----- Data section
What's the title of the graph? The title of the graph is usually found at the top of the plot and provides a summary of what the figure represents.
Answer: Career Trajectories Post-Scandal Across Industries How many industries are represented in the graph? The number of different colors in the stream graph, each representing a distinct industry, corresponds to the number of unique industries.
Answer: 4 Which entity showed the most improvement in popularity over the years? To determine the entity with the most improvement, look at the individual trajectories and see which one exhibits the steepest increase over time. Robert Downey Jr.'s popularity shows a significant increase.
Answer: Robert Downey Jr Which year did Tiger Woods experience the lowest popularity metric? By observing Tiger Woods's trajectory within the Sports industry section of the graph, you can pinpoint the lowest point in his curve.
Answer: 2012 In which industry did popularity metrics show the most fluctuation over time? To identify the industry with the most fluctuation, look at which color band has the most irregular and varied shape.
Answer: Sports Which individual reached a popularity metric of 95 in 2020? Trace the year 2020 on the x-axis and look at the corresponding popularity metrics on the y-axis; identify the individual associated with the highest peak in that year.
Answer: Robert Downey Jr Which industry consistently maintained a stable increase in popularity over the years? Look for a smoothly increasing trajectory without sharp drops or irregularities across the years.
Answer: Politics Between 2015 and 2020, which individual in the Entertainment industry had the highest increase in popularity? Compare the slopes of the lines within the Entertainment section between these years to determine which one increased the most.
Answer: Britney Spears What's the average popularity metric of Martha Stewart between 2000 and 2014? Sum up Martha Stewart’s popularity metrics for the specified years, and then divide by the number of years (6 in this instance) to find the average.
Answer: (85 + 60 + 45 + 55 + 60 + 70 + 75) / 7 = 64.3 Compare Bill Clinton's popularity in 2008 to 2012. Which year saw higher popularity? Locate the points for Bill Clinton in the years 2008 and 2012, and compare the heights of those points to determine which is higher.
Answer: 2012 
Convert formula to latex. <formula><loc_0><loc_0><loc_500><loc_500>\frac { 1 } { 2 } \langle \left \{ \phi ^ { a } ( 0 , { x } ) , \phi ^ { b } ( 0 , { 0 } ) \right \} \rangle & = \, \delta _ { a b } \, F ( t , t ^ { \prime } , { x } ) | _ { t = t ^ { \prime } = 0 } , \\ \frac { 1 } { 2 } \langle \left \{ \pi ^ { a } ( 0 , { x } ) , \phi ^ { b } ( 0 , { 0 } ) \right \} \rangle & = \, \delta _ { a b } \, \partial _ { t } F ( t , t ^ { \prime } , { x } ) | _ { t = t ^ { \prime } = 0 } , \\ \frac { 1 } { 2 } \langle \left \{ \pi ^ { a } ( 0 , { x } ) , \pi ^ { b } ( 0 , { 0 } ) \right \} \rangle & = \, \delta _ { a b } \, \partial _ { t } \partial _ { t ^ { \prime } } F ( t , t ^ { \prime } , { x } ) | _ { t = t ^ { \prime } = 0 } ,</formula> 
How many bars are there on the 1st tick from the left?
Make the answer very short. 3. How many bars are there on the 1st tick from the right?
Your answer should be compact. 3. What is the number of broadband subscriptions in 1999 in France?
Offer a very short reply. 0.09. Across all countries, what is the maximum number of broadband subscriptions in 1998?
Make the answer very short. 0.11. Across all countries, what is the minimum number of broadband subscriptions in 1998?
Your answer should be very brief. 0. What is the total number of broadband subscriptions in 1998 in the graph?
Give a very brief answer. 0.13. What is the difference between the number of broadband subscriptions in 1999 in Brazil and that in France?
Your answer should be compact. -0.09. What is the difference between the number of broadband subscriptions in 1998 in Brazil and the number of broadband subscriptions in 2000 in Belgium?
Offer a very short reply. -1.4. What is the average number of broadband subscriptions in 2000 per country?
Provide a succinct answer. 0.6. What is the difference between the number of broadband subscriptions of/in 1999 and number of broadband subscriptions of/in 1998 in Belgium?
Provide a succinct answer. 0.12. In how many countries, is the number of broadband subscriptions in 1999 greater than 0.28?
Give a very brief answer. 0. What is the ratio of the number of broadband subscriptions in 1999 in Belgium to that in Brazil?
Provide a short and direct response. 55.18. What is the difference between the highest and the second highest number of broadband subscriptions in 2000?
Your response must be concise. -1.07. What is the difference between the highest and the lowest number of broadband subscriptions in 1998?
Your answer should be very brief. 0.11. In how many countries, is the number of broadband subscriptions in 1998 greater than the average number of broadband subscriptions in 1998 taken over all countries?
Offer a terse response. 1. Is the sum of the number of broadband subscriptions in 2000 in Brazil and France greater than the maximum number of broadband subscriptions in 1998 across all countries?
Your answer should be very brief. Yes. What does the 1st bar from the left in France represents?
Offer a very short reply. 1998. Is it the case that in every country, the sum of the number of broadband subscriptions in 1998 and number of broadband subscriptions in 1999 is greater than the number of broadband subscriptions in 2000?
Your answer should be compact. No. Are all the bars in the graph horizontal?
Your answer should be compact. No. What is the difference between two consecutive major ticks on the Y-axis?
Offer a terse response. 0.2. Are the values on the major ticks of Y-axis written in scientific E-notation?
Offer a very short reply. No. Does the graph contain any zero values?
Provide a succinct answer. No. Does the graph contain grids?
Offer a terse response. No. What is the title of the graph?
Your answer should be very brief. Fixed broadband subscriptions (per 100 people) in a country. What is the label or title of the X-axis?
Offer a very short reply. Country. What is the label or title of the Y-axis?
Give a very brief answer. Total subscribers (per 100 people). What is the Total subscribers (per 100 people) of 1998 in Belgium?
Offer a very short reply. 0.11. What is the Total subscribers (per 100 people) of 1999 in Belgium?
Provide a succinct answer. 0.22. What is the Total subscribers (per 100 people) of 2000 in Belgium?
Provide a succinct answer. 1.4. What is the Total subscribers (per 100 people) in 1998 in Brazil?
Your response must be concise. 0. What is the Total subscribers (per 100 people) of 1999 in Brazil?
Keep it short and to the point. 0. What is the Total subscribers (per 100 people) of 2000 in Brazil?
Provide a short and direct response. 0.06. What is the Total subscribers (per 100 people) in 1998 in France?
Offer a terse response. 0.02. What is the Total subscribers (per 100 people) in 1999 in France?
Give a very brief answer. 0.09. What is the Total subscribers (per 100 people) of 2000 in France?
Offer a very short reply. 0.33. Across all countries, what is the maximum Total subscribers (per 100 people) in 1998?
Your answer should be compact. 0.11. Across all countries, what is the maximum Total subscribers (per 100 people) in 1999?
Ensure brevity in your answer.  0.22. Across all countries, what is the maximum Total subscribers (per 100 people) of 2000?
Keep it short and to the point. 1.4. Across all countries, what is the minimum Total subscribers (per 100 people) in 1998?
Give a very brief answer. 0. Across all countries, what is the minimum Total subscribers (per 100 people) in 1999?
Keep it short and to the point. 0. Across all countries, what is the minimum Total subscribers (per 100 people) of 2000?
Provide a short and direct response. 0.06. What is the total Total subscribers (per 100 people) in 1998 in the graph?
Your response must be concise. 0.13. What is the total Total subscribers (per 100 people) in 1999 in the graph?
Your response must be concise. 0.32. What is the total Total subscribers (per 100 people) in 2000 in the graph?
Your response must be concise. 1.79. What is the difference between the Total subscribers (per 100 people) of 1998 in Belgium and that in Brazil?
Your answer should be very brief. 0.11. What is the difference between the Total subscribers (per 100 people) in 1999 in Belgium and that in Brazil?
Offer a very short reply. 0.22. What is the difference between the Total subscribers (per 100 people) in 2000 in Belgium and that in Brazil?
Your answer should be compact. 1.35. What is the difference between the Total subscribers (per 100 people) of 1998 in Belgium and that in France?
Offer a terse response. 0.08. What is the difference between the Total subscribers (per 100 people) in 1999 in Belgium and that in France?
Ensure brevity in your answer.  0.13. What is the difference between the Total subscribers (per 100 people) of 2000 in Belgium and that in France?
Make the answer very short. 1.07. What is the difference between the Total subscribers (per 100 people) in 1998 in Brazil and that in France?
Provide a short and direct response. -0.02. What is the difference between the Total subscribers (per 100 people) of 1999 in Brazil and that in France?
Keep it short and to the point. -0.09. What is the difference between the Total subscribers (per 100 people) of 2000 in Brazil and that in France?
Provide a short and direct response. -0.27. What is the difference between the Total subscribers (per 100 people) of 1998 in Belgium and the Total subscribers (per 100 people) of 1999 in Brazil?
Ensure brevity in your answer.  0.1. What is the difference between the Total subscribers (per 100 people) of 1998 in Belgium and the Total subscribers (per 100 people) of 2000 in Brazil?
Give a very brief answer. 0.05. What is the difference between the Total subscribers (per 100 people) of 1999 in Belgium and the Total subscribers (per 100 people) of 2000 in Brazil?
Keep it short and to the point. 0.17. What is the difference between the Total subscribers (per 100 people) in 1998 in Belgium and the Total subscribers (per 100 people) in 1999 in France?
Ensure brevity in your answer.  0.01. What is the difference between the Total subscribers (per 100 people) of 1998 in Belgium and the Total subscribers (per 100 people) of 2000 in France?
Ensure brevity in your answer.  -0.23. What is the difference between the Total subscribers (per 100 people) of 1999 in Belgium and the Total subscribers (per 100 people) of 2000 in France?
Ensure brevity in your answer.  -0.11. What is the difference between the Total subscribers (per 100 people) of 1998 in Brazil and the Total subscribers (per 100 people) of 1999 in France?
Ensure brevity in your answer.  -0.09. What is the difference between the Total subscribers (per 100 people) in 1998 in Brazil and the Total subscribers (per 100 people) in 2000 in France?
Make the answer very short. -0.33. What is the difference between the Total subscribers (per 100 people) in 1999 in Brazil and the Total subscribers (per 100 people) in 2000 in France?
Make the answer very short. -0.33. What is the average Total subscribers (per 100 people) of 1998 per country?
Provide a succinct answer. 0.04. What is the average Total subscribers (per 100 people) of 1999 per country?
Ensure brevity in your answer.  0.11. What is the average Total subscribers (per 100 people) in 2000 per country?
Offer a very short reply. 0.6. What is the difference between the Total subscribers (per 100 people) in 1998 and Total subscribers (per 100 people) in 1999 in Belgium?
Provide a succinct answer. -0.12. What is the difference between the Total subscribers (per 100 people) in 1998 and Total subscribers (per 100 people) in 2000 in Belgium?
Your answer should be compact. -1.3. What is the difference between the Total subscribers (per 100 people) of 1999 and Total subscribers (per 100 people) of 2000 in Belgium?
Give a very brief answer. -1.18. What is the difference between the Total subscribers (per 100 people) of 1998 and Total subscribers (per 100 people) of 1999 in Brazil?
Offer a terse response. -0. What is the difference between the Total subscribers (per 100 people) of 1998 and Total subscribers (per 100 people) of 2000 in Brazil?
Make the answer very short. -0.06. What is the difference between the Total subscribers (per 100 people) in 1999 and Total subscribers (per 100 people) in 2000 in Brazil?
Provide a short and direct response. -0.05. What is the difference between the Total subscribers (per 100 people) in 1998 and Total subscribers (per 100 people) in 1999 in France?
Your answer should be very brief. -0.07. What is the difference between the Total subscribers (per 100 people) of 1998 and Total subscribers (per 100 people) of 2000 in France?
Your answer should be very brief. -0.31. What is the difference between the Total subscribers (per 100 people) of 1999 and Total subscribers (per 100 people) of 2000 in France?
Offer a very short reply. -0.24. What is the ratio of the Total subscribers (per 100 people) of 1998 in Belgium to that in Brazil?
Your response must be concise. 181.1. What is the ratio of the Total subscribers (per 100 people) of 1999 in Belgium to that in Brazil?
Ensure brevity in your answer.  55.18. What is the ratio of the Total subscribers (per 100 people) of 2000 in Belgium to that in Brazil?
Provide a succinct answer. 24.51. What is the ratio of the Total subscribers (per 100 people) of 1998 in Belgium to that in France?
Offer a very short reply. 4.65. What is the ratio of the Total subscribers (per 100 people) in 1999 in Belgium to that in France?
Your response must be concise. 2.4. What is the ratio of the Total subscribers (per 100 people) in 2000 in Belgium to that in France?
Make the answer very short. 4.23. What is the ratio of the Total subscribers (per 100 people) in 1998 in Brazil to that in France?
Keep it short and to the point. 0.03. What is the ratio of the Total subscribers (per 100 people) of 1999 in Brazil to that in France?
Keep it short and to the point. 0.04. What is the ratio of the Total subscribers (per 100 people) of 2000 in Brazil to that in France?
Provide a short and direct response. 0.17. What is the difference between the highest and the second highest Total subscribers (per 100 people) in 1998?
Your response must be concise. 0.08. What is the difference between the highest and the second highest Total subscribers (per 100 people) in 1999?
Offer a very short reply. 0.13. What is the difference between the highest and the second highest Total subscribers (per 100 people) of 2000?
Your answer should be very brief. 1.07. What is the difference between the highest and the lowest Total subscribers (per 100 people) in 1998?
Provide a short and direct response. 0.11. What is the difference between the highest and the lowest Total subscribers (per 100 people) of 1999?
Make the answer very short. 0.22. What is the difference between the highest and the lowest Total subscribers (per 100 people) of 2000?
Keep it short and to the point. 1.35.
----------
-- Exercise requirements --
Review the entries above and return every line where "represents" appears.

-- Answer area --
What's the title of the graph? The title of the graph is usually found at the top of the plot and provides a summary of what the figure represents.
Your answer should be very brief. Yes. What does the 1st bar from the left in France represents?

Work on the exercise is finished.